EXERCISE BRIEF: All of the entries must be reproduced exactly, with no images carried over.
- Opening Delimiter -
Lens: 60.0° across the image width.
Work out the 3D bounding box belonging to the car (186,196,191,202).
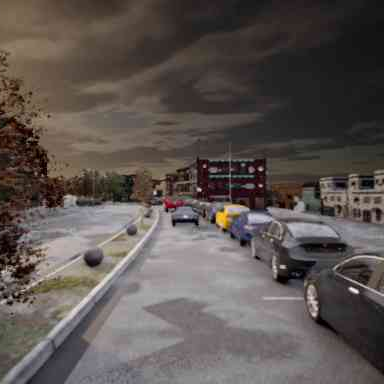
[{"bbox_3d":[-0.303,1.659,48.593,2.185,1.767,4.553,0,-1,-9],"label":"car"}]

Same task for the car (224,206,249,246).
[{"bbox_3d":[2.879,1.573,15.389,2.002,1.452,4.674,0,0,-1],"label":"car"}]

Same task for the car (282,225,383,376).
[{"bbox_3d":[2.998,1.485,4.322,2.231,1.521,4.892,0,0,0],"label":"car"}]

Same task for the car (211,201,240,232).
[{"bbox_3d":[2.648,1.571,20.932,2.097,1.535,5.008,0,0,-2],"label":"car"}]

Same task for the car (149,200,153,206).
[{"bbox_3d":[-9.150,2.836,86.391,2.163,1.488,4.792,0,-2,-16],"label":"car"}]

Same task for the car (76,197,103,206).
[{"bbox_3d":[-22.068,2.132,71.648,5.566,2.045,2.435,0,-2,-15],"label":"car"}]

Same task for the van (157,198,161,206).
[{"bbox_3d":[-6.112,2.187,75.837,1.878,1.987,4.442,0,-2,-14],"label":"van"}]

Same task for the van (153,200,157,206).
[{"bbox_3d":[-7.595,2.378,81.170,1.878,1.987,4.442,0,-2,-15],"label":"van"}]

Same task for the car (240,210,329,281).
[{"bbox_3d":[2.990,1.500,9.842,2.231,1.521,4.892,0,0,0],"label":"car"}]

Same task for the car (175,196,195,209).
[{"bbox_3d":[-1.240,1.615,54.125,2.435,2.045,5.566,0,-1,-10],"label":"car"}]

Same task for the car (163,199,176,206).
[{"bbox_3d":[-4.730,2.280,70.331,2.002,1.452,4.674,0,-2,-14],"label":"car"}]

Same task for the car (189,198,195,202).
[{"bbox_3d":[1.224,1.726,37.641,2.002,1.452,4.674,0,0,-6],"label":"car"}]

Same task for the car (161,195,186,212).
[{"bbox_3d":[-2.450,1.467,42.920,2.150,2.045,5.566,0,0,-8],"label":"car"}]

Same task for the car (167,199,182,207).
[{"bbox_3d":[-3.461,2.133,64.938,2.002,1.452,4.674,0,-1,-12],"label":"car"}]

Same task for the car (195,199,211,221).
[{"bbox_3d":[1.806,1.678,32.152,2.163,1.488,4.792,0,0,-5],"label":"car"}]

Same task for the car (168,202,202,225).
[{"bbox_3d":[-0.596,1.683,25.009,1.994,1.385,4.181,0,0,-4],"label":"car"}]
- Closing Delimiter -
REPLY:
Lens: 60.0° across the image width.
Work out the 3D bounding box belonging to the car (186,196,191,202).
[{"bbox_3d":[-0.303,1.659,48.593,2.185,1.767,4.553,0,-1,-9],"label":"car"}]

Same task for the car (224,206,249,246).
[{"bbox_3d":[2.879,1.573,15.389,2.002,1.452,4.674,0,0,-1],"label":"car"}]

Same task for the car (282,225,383,376).
[{"bbox_3d":[2.998,1.485,4.322,2.231,1.521,4.892,0,0,0],"label":"car"}]

Same task for the car (211,201,240,232).
[{"bbox_3d":[2.648,1.571,20.932,2.097,1.535,5.008,0,0,-2],"label":"car"}]

Same task for the car (149,200,153,206).
[{"bbox_3d":[-9.150,2.836,86.391,2.163,1.488,4.792,0,-2,-16],"label":"car"}]

Same task for the car (76,197,103,206).
[{"bbox_3d":[-22.068,2.132,71.648,5.566,2.045,2.435,0,-2,-15],"label":"car"}]

Same task for the van (157,198,161,206).
[{"bbox_3d":[-6.112,2.187,75.837,1.878,1.987,4.442,0,-2,-14],"label":"van"}]

Same task for the van (153,200,157,206).
[{"bbox_3d":[-7.595,2.378,81.170,1.878,1.987,4.442,0,-2,-15],"label":"van"}]

Same task for the car (240,210,329,281).
[{"bbox_3d":[2.990,1.500,9.842,2.231,1.521,4.892,0,0,0],"label":"car"}]

Same task for the car (175,196,195,209).
[{"bbox_3d":[-1.240,1.615,54.125,2.435,2.045,5.566,0,-1,-10],"label":"car"}]

Same task for the car (163,199,176,206).
[{"bbox_3d":[-4.730,2.280,70.331,2.002,1.452,4.674,0,-2,-14],"label":"car"}]

Same task for the car (189,198,195,202).
[{"bbox_3d":[1.224,1.726,37.641,2.002,1.452,4.674,0,0,-6],"label":"car"}]

Same task for the car (161,195,186,212).
[{"bbox_3d":[-2.450,1.467,42.920,2.150,2.045,5.566,0,0,-8],"label":"car"}]

Same task for the car (167,199,182,207).
[{"bbox_3d":[-3.461,2.133,64.938,2.002,1.452,4.674,0,-1,-12],"label":"car"}]

Same task for the car (195,199,211,221).
[{"bbox_3d":[1.806,1.678,32.152,2.163,1.488,4.792,0,0,-5],"label":"car"}]

Same task for the car (168,202,202,225).
[{"bbox_3d":[-0.596,1.683,25.009,1.994,1.385,4.181,0,0,-4],"label":"car"}]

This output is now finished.